▶ _EXERCISE OBJECTIVE_: Give back an exact copy of the lines in the records below, from the line that has "text Hoe kunt u bezwaar" through the line that has "text U vraagt", and nothing besides.

Data records
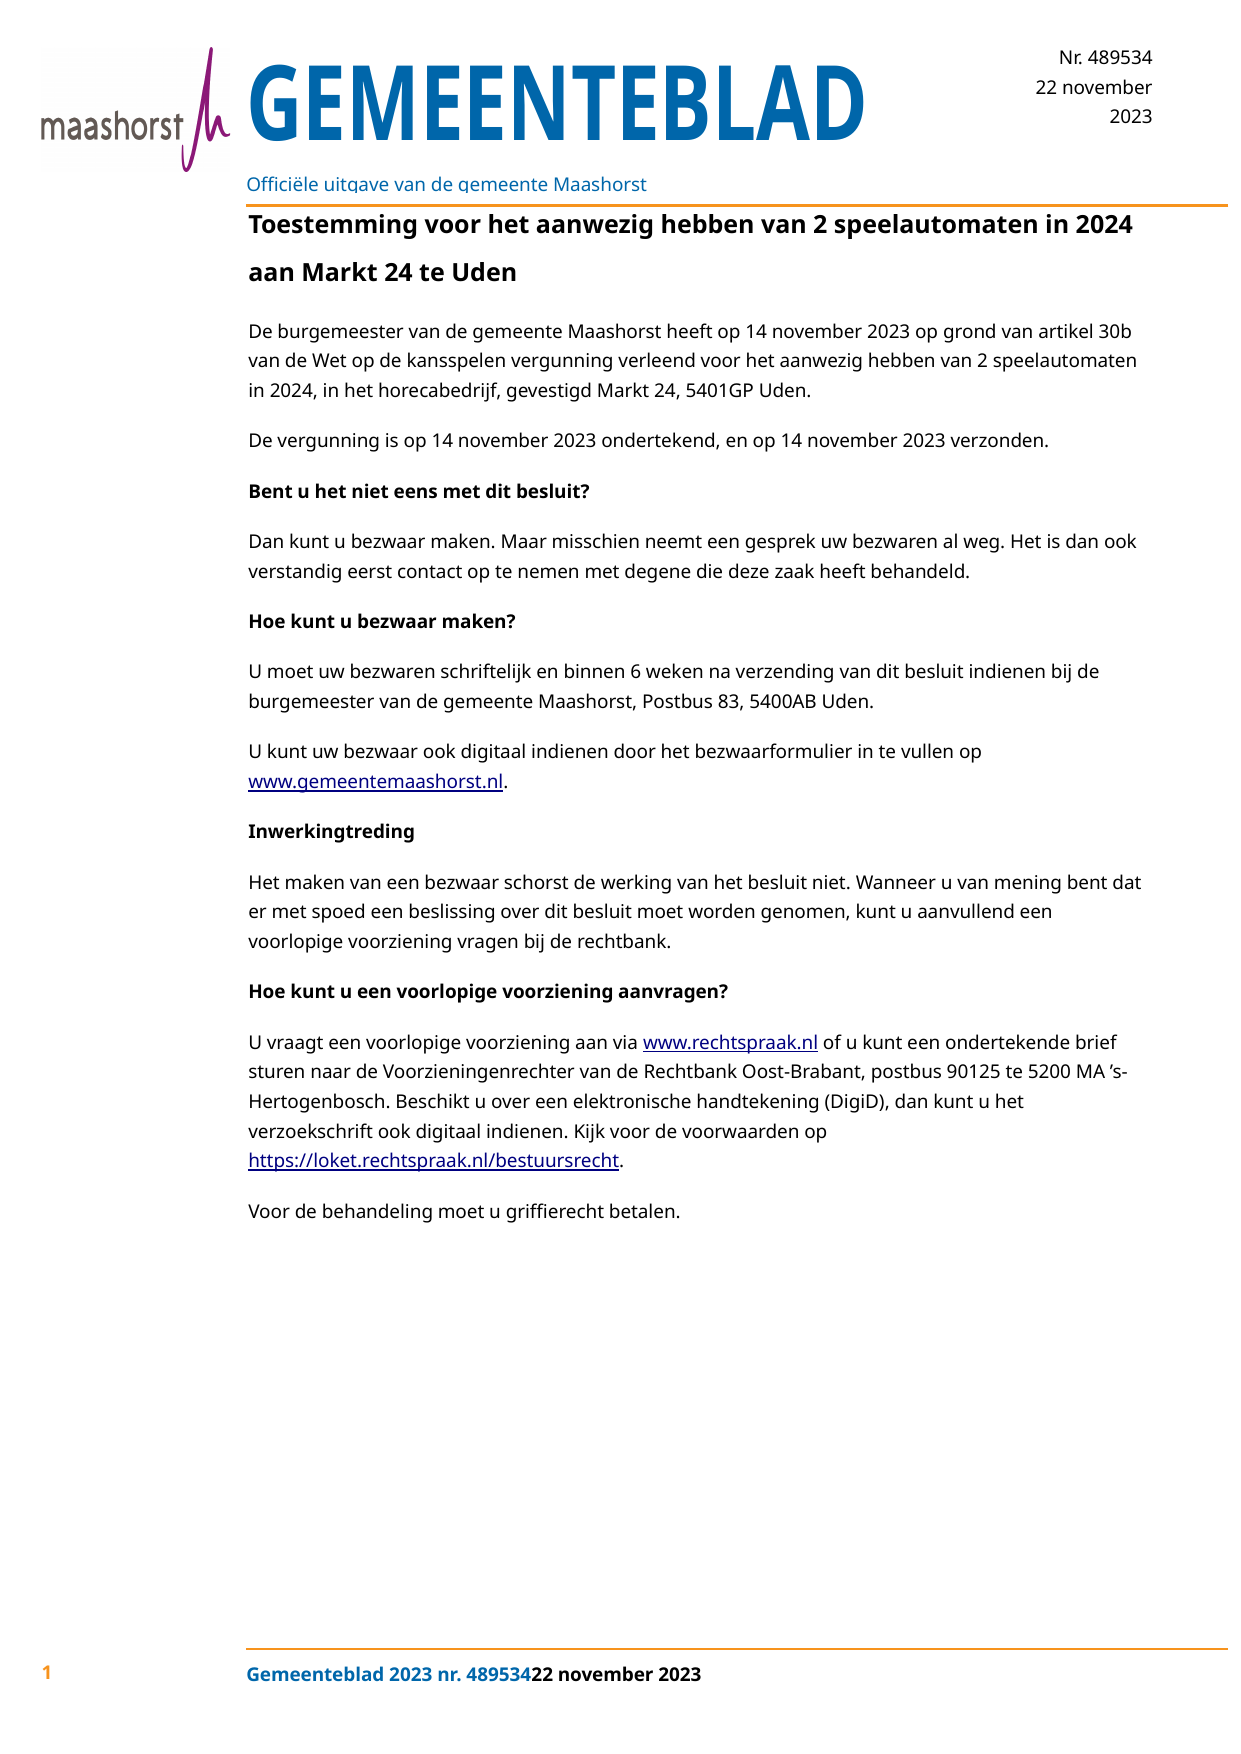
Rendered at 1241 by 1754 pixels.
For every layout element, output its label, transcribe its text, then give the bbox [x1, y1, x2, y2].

text Toestemming voor het aanwezig hebben van 2 speelautomaten in 2024 aan Markt 24 te Uden [248, 207, 1152, 288]
text Hoe kunt u bezwaar maken? [248, 608, 1152, 634]
text Het maken van een bezwaar schorst de werking van het besluit niet. Wanneer u van mening bent dat er met spoed een beslissing over dit besluit moet worden genomen, kunt u aanvullend een voorlopige voorziening vragen bij de rechtbank. [248, 869, 1152, 954]
text De vergunning is op 14 november 2023 ondertekend, en op 14 november 2023 verzonden. [248, 427, 1152, 453]
text U vraagt een voorlopige voorziening aan via www.rechtspraak.nl of u kunt een ondertekende brief sturen naar de Voorzieningenrechter van de Rechtbank Oost-Brabant, postbus 90125 te 5200 MA ’s-Hertogenbosch. Beschikt u over een elektronische handtekening (DigiD), dan kunt u het verzoekschrift ook digitaal indienen. Kijk voor de voorwaarden op https://loket.rechtspraak.nl/bestuursrecht. [248, 1029, 1152, 1173]
text Voor de behandeling moet u griffierecht betalen. [248, 1198, 1152, 1224]
text Bent u het niet eens met dit besluit? [248, 478, 1152, 504]
text Dan kunt u bezwaar maken. Maar misschien neemt een gesprek uw bezwaren al weg. Het is dan ook verstandig eerst contact op te nemen met degene die deze zaak heeft behandeld. [248, 528, 1152, 584]
text Hoe kunt u een voorlopige voorziening aanvragen? [248, 979, 1152, 1004]
text Inwerkingtreding [248, 819, 1152, 844]
picture [41, 47, 231, 172]
text U kunt uw bezwaar ook digitaal indienen door het bezwaarformulier in te vullen op www.gemeentemaashorst.nl. [248, 739, 1152, 794]
text U moet uw bezwaren schriftelijk en binnen 6 weken na verzending van dit besluit indienen bij de burgemeester van de gemeente Maashorst, Postbus 83, 5400AB Uden. [248, 659, 1152, 714]
text De burgemeester van de gemeente Maashorst heeft op 14 november 2023 op grond van artikel 30b van de Wet op de kansspelen vergunning verleend voor het aanwezig hebben van 2 speelautomaten in 2024, in het horecabedrijf, gevestigd Markt 24, 5401GP Uden. [248, 318, 1152, 403]

▶ _REPLY_:
text Hoe kunt u bezwaar maken? [248, 608, 1152, 634]
text Het maken van een bezwaar schorst de werking van het besluit niet. Wanneer u van mening bent dat er met spoed een beslissing over dit besluit moet worden genomen, kunt u aanvullend een voorlopige voorziening vragen bij de rechtbank. [248, 869, 1152, 954]
text De vergunning is op 14 november 2023 ondertekend, en op 14 november 2023 verzonden. [248, 427, 1152, 453]
text U vraagt een voorlopige voorziening aan via www.rechtspraak.nl of u kunt een ondertekende brief sturen naar de Voorzieningenrechter van de Rechtbank Oost-Brabant, postbus 90125 te 5200 MA ’s-Hertogenbosch. Beschikt u over een elektronische handtekening (DigiD), dan kunt u het verzoekschrift ook digitaal indienen. Kijk voor de voorwaarden op https://loket.rechtspraak.nl/bestuursrecht. [248, 1029, 1152, 1173]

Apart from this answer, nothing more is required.